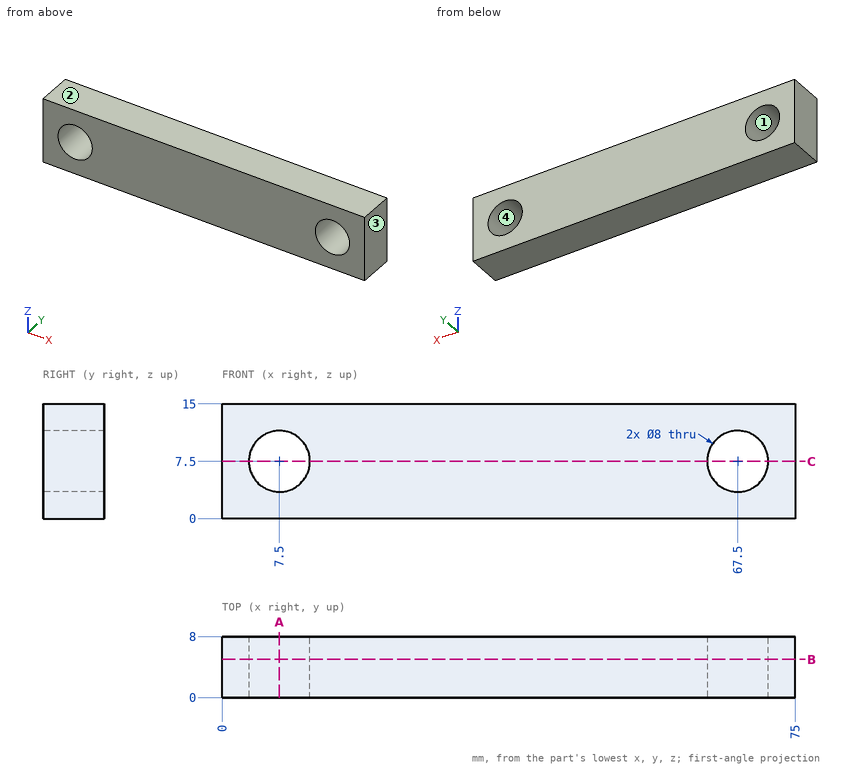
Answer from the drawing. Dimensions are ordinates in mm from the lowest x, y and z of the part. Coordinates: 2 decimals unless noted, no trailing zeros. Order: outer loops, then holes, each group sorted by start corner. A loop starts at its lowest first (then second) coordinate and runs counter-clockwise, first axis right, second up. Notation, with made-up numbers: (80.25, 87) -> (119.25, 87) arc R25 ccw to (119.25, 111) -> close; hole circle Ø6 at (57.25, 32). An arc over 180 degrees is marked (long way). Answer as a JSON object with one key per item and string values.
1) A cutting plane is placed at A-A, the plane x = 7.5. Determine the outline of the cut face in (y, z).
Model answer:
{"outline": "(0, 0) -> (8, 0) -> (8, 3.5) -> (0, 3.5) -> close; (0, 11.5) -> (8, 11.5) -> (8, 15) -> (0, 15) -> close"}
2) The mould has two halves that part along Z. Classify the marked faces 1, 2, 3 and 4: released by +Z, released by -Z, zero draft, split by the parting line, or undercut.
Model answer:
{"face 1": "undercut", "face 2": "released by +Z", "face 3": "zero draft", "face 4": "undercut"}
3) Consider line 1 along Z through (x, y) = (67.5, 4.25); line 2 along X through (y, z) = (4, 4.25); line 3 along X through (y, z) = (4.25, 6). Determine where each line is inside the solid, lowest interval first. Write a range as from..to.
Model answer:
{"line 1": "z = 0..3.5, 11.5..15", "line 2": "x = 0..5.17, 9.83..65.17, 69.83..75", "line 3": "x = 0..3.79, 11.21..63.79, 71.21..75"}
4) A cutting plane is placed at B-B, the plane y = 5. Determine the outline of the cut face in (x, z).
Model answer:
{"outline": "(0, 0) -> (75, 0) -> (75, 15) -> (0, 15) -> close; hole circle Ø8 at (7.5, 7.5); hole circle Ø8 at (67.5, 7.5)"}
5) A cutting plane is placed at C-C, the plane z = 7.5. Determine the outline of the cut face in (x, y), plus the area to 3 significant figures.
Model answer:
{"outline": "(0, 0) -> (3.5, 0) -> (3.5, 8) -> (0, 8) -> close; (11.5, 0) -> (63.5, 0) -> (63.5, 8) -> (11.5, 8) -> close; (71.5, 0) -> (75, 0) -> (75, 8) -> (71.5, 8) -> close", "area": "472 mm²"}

WORK ORDER
Identify the lines in the entries that hold "along" and return each one.

RESPONSE TO THE EXERCISE
2) The mould has two halves that part along Z. Classify the marked faces 1, 2, 3 and 4: released by +Z, released by -Z, zero draft, split by the parting line, or undercut.
3) Consider line 1 along Z through (x, y) = (67.5, 4.25); line 2 along X through (y, z) = (4, 4.25); line 3 along X through (y, z) = (4.25, 6). Determine where each line is inside the solid, lowest interval first. Write a range as from..to.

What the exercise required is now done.